Pipeline Architecture: Lab vs Simulation

The package provides two distinct processing pipelines designed for different stages of the research workflow.

Lab Mode (Post-Facto)

High-Precision Analysis & Validation

The Lab Mode pipeline is designed for batch analysis where the complete dataset is available.

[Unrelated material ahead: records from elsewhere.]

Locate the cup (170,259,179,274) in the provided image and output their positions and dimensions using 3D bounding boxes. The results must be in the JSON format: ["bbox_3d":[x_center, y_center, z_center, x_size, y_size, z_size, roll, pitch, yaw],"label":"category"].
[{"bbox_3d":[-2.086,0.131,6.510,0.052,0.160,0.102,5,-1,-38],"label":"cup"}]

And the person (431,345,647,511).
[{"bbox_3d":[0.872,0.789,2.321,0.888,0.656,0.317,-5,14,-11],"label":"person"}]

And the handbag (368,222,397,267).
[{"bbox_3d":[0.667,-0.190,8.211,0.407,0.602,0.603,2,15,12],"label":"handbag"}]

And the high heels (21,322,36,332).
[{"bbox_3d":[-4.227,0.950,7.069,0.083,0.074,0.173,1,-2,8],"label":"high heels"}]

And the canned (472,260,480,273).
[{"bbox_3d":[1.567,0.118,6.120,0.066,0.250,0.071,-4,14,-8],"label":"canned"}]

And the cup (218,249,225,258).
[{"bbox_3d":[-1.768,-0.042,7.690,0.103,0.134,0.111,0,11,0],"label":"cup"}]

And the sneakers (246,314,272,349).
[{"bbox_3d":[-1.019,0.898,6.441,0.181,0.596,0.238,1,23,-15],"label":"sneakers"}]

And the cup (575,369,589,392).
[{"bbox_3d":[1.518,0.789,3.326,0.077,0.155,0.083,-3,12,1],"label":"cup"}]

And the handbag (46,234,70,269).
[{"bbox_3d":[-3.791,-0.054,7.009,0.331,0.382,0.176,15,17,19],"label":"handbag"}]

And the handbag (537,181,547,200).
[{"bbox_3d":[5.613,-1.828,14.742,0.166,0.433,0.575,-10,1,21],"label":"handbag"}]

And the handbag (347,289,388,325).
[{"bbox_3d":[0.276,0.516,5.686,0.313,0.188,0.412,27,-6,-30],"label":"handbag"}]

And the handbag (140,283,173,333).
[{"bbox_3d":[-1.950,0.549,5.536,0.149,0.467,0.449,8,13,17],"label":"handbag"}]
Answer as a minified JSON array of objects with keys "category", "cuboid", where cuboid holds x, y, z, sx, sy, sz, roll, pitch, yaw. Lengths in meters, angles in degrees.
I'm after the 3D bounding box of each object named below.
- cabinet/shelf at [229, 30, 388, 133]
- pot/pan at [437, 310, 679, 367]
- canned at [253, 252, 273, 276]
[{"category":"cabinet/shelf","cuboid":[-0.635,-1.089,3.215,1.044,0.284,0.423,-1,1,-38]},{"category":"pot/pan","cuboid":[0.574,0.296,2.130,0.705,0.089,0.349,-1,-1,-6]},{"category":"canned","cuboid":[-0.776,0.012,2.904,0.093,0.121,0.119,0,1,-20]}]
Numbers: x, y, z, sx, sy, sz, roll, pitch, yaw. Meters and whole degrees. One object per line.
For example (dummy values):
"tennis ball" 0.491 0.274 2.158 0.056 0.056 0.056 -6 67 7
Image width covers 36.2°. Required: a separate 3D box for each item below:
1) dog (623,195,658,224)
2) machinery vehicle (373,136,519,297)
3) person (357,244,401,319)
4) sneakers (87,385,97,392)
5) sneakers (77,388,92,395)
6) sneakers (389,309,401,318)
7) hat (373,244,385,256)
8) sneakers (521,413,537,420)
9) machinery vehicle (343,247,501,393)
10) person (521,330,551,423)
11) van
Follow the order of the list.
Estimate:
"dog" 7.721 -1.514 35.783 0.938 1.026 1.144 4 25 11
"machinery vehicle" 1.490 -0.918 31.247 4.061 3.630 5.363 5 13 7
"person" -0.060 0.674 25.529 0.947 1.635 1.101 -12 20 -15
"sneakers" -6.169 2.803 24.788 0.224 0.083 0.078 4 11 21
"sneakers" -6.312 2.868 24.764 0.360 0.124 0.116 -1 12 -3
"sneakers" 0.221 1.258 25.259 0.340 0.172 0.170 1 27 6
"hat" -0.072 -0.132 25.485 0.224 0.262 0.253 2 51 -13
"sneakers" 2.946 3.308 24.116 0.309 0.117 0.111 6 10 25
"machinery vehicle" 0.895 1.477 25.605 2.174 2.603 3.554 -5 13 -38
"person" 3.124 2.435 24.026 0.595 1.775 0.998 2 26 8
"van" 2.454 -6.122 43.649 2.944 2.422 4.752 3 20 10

It aims for parity with the legacy R implementation.

Characteristics

Memory: Full dataset loaded into memory.
Processing: Acausal algorithms (e.g., filtfilt, centered moving averages).
Calibration: Batch computation from the full dataset.
Depth: Acausal interpolation of missing values.

Configuration

To enable Lab Mode, set the following in your YAML config:

pipeline:
  mode: "LAB"
  calibration:
    attachment_angle: "batch_compute"
    magnetometer: "batch_compute"
  depth:
    mode: "interpolate"
  true_integration: false  # Set to true to use real timestamps for track generation (physically accurate but differs from R)

Clock Drift & Jitter

Real hardware sensors often have clock jitter (variable sampling rates). Legacy R implementations use Fixed Step Integration (assuming dt = 1/freq), which ignores this jitter. This produces smooth tracks but mathematically implies that the animal speeds up/slows down inversely to the clock jitter if analyzed against real time.

Default Behavior (R-Compatibility): Uses fixed dt. Matches legacy R output exactly. Velocity calculated from position/time ratio will show jitter.
True Integration (``true_integration: true``): Uses actual time deltas (real_dt). Matches the physical path to the clock. Velocity is stable, but positions differ slightly from R legacy tracks.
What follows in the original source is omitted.